Berdasarkan studi Monte Carlo yang dilakukan oleh peneliti terhadap berbagai metode estimasi
disimpulkan bahwa : (1) Ukuran sampel minimum yang diperlukan untuk mengurangi bias pada
semua jenis estimasi SEM adalah 200 (Loehlin, 1998). (2) Ukuran sampel untuk estimasi ML harus
minimal 15xjumlah variabel yang diamati (Stevens, 1996). (3) Ukuran sampel untuk estimasi ML
harus setidaknya 5x jumlah parameter bebas dalam model, termasuk eror (Bentler & Chou, 1987).
(4) Data yang memiliki nilai kurtosis tinggi, ukuran sampel minimum harus 10 kali jumlah parameter
bebas (Hoogland dan Boomsma, 1998). Bootstrap merupakan alternatif untuk estimasi ML dengan
sampel kecil.
McCall (1982) memperkenalkan sebuah rumus umum yang dapat digunakan untuk menentukan
ukuran sampel ketika memperkirakan ukuran sampel yaitu n = (Zσ / e)^2. n adalah ukuran sampel
yang dibutuhkan untuk tingkat presisi yang diinginkan, e adalah ukuran efek, Z adalah tingkat
kepercayaan, dan σ deviasi standar suatu populasi (dapat diperkirakan dari studi penelitian
sebelumnya, uji norma‐norma, atau rentang skor dibagi dengan 6). Misalnya, diberi sampel acak
dari skor ACT dari populasi didefinisikan dengan deviasi standar 100, tingkat kepercayaan yang
diinginkan dari 1,96 (taraf signifikansi 0,05), dan pengaruh ukuran sebesar 20. Berdasarkan
informasi di atas maka ukuran sampel yang dibutuhkan adalah [100 (1,96) / 20)] 2 = 96.
1
REFERENSI
Hoogland, J.J., Boomsma, A., 1998. Robustness studies in covariance structure modeling: an
overview and a metaanalysis. Sociological Methods and Research 26, 329–333.

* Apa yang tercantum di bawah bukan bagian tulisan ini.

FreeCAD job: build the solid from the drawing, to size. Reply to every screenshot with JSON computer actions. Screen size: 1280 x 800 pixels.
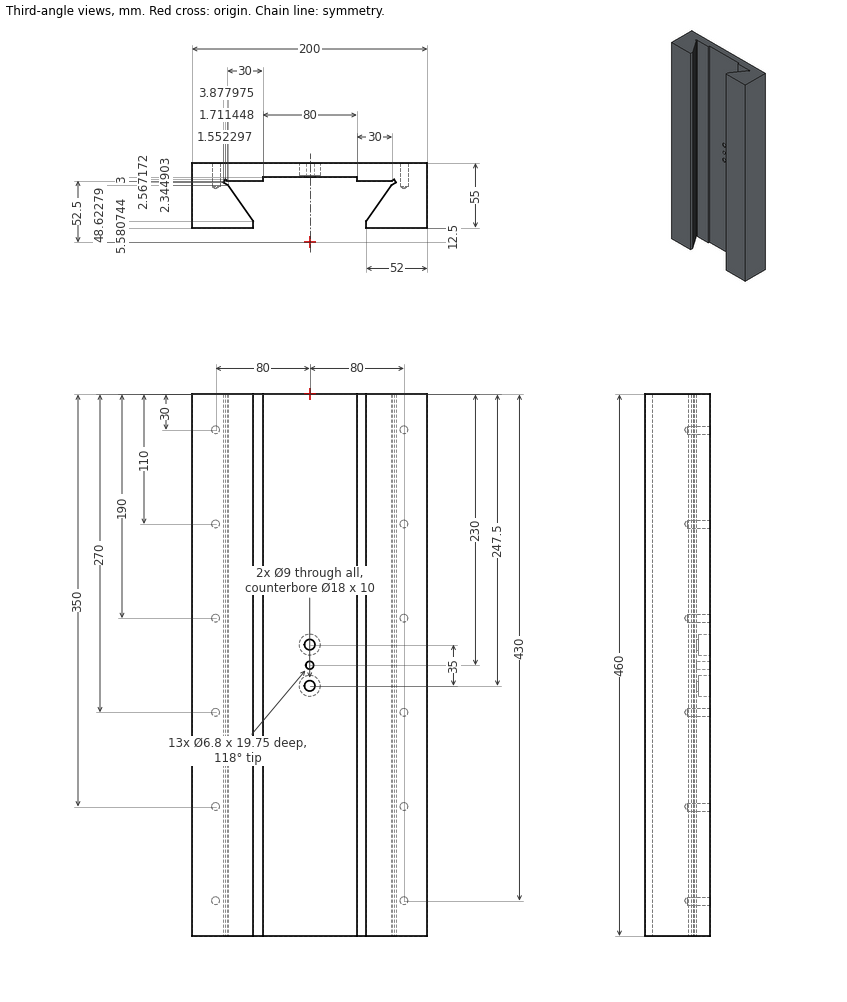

Boomsma, A., Hoogland, J.J., 2001. The robustness of LISREL modeling revisited. In: Cudeck, R., du
Toit, S.,Sorbom, D. (Eds.), Structural Equation Modeling: Present and Future. Scientific Software
International, Chicago, pp. 139–168.
Loehlin, J.C., 1998. Latent Variable Models: An Introduction to Factor, Path, and Structural Analysis.
Lawrence Erlbaum Associates, Mahwah, NJ.
Bentler, P.M., Chou, C.P., 1987. Practical issues in structural modeling. Sociological Methods and
Research 16, 78– 117.
Tanaka, J. S. (1987). “How Big Is Big Enough?”: Sample Size and Goodness of Fit in Structural
Equation Models with Latent Variables. Child Development, 58(1), 134‐146.